Yeah, through discussing this with various other people I've learned that this way of doing things is very not ML-like. I can't say anything about complexity or documentation generation (I haven't seen Amulet's documentation generation, and I'm not a Haskeller or a PLT person (yet)), but I do agree that the magnitude of a change like this would cause problems.
How viable would the "previous operator overriding" be, even if the typeclass model doesn't change?

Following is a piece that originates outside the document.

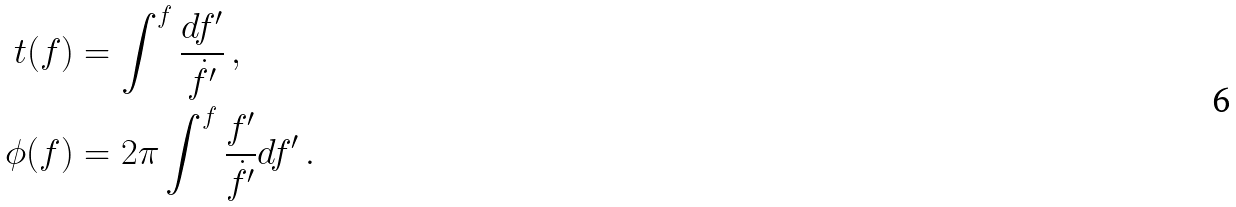<formula> <loc_0><loc_0><loc_500><loc_500>t ( f ) & = \int ^ { f } \frac { d f ^ { \prime } } { { \dot { f } } ^ { \prime } } \, , \\ \phi ( f ) & = 2 \pi \int ^ { f } \frac { f ^ { \prime } } { { \dot { f } } ^ { \prime } } d f ^ { \prime } \, .</formula> 
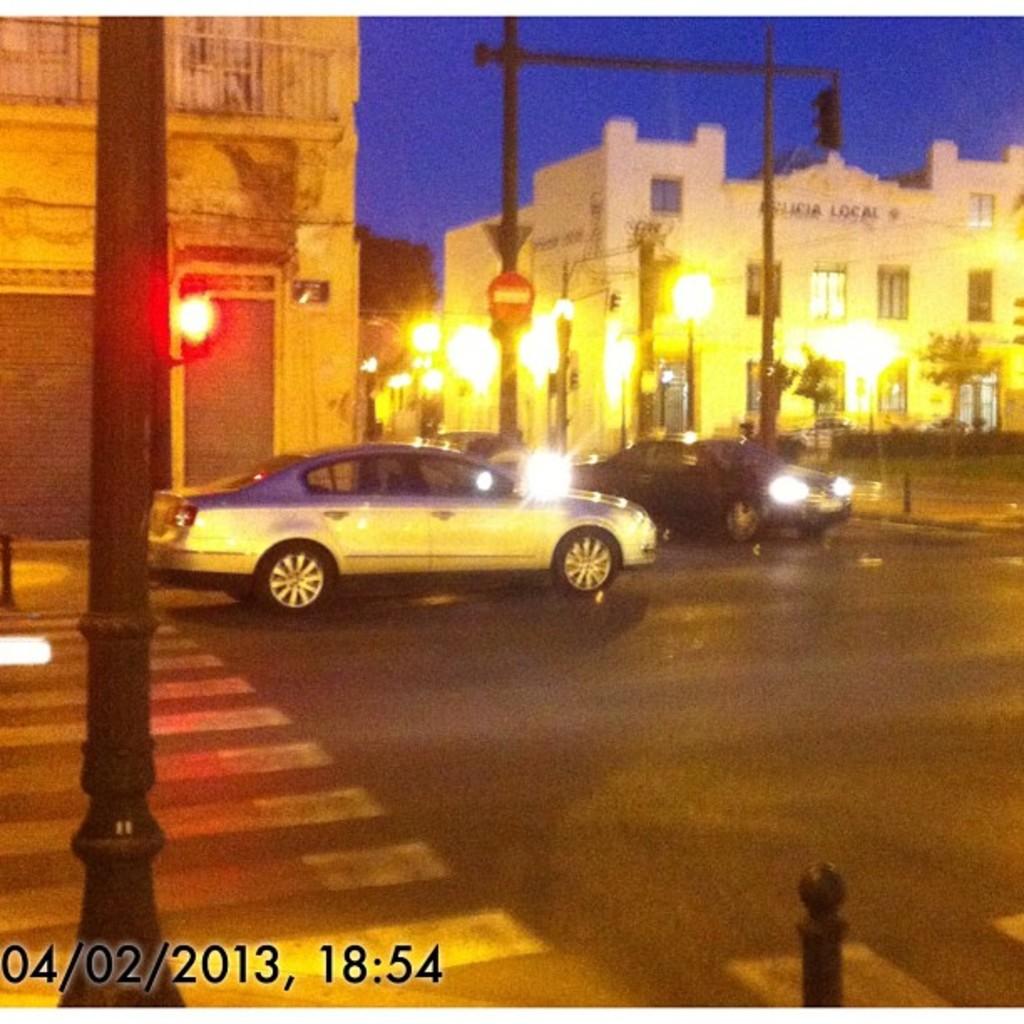What time was this taken?
Your response must be concise. 18:54. What is the date of this photo?
Keep it short and to the point. 04/02/2013.

I.e., perhaps something like
instance semigroup int begin
forward ( |+| ) = ( + )
end
instance monoid int begin
forward empty = zero
end
instance semiring int begin
let zero = 0
external val ( + ) = "%int.add"
external val ( * ) = "%int.mul"
end
instance invariant option begin
forward imap fa f g = map fa f
end
I'm not very good at making good syntax or identifiers, and I'm worried about forward
conflicting with things, so there's probably some better way, but I'd love to brainstorm if it's viable.
One Haskell extension I recently stumbled upon is default superclass instances/intrinsic superclasses, which would give you a syntax a little like:
class monoid 'a => semiring 'a begin
val zero : 'a
val ( + ) : 'a -> 'a -> 'a
val ( * ) : 'a -> 'a -> 'a
deriving instance semigroup 'a begin
let a |+| b = a + b
end
end
instance monoid int
let zero = 0
(* Also ( + ), ( * ) *)
deriving semigroup
It feels a reasonable solution - it's still sound (you enforce the same instance
constraints as already), but is still shorter than deriving each instance separately.
First step though is obviously fixing the undefined
error so it actually reports something useful.
This gives
Is it not common in MLs to "override" a previous operator? Sorry for my lack of knowledge on the nomenclature.